Angular Motion Formula Sheet

Note: many of these formulas— specifically projectile motion ones— can also be found in Physics 1 Review, but in slightly different forms as those are not specifically put into angular terms.

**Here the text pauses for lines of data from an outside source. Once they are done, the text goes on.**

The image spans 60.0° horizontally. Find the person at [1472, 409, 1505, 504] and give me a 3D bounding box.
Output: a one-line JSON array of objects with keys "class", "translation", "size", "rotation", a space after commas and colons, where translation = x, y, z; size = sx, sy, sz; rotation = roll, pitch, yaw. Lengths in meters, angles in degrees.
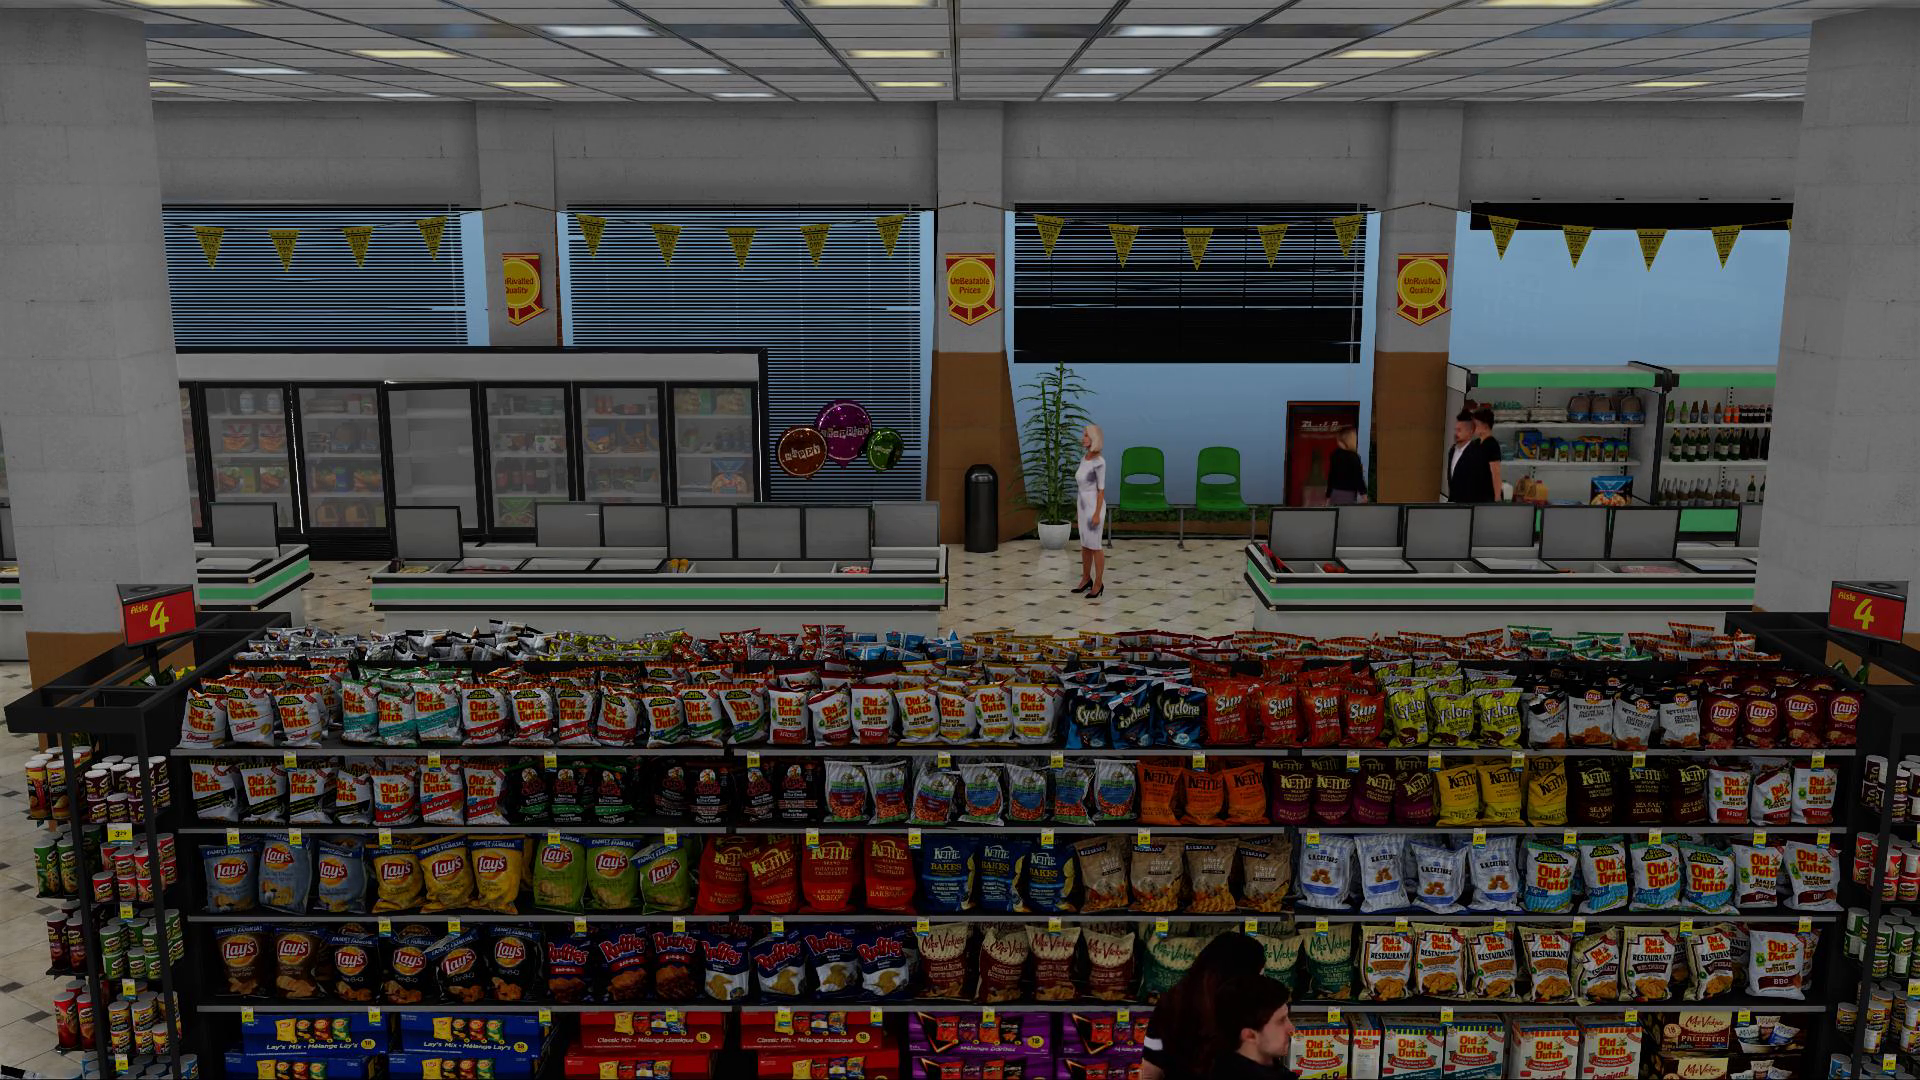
[{"class": "person", "translation": [5.544, -0.434, 17.180], "size": [1.248, 1.839, 0.749], "rotation": [2, 12, 8]}]

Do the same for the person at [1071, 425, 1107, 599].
[{"class": "person", "translation": [1.323, -0.299, 16.753], "size": [0.643, 1.751, 0.636], "rotation": [-6, 13, -26]}]

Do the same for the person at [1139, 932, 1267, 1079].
[{"class": "person", "translation": [0.757, 2.106, 5.696], "size": [0.765, 1.600, 0.814], "rotation": [9, 15, 37]}]

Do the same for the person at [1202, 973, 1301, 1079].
[{"class": "person", "translation": [0.757, 2.154, 4.918], "size": [0.919, 1.828, 0.802], "rotation": [2, 12, 9]}]

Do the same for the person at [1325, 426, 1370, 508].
[{"class": "person", "translation": [3.873, -0.318, 17.167], "size": [1.142, 1.617, 0.837], "rotation": [-4, 12, -17]}]

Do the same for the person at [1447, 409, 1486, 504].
[{"class": "person", "translation": [5.084, -0.321, 16.465], "size": [1.233, 1.913, 0.937], "rotation": [-3, 12, -14]}]

Linear vs Angular Equations §

Linear Equation ($a$ = constant)	Angular Equation ($\alpha$ = constant)
$v=v_i+at$	$\omega ={\omega }_i+\alpha t$
$x=x_i+\frac{1}{2}(v_i+v)t$	$\theta ={\theta }_i+\frac{1}{2}({\omega }_i+\omega )t$
$x=x_i+v_{i}t+\frac{1}{2}a{t}^2$	$\theta ={\theta }_i+{\omega }_{i}t+\frac{1}{2}\alpha t^2$
$v^2=v_i^2+2a(x-x_i)$	${\omega }^2=w_i^2+2\alpha (\theta -{\theta }_i)$

Frequency §

• $f$, frequency, in Hz
• $T$, time, in seconds

$$f=\frac{1}{T}$$

Angular Kinematics §

(Really cringey) application-based explanations at Rotational Kinematics Basics

Rotations §

One rotation is equal to $2\pi$ radians.

Angular Speed §

• $\omega$, angular speed, in radians per second (OR rotations per minute)
• $\Delta \theta$, change in angle, in radians
• $\Delta t$, change in time, in seconds
• $f$, frequency, in hertz
• $T$, time period, in seconds

$$\omega =\frac{\Delta \theta }{\Delta t}=\frac{2\pi }{T}=2\pi f=\frac{v}{r}$$

$$\begin{array}{rl}{\omega }_f& =w_i+\alpha \Delta t\\ {w_f}^2& ={w_i}^2+2\alpha ({\theta }_f-{\theta }_i)\end{array}$$

Angular Acceleration §

• $\alpha$, angular acceleration, in radians per second squared
• ${\omega }_f$, final angular speed, in radians per second
• ${\omega }_i$, initial angular speed, in radians per second
• $\Delta t$, change in time, in seconds
• $a_t$, tangential acceleration

$$\alpha =\frac{w_f-w_i}{\Delta t}=\frac{a_t}{r}$$

Angular Motion §

• ${\omega }_f$, final angular speed, in radians per second
• ${\omega }_i$, initial angular speed, in radians per second
• $\Delta t$, change in time, in seconds
• $\alpha$, angular acceleration, in radians per second squared
• ${\theta }_f$, final angle, in radians
• ${\theta }_i$, initial angle, in radians

$$\begin{array}{rl}{\omega }_f& =w_i+\alpha \Delta t\\ & \\ \text{OR}& \\ & \\ {w_f}^2& ={w_i}^2+2\alpha ({\theta }_f-{\theta }_i)\end{array}$$

Angular Distance §

• $\theta$, angular distance, in radians
• $\omega$, angular speed, in radians per second
• $\Delta t$, change in time, in seconds
• $\alpha$, angular acceleration, in radians per second squared

$$\theta =\omega \Delta t+\frac{\alpha (\Delta t{)}^2}{2}$$

Torque §

Torque is equal to the distance $r$ of a force from a pivot point/fulcrum times the magnitude of the that force $F$.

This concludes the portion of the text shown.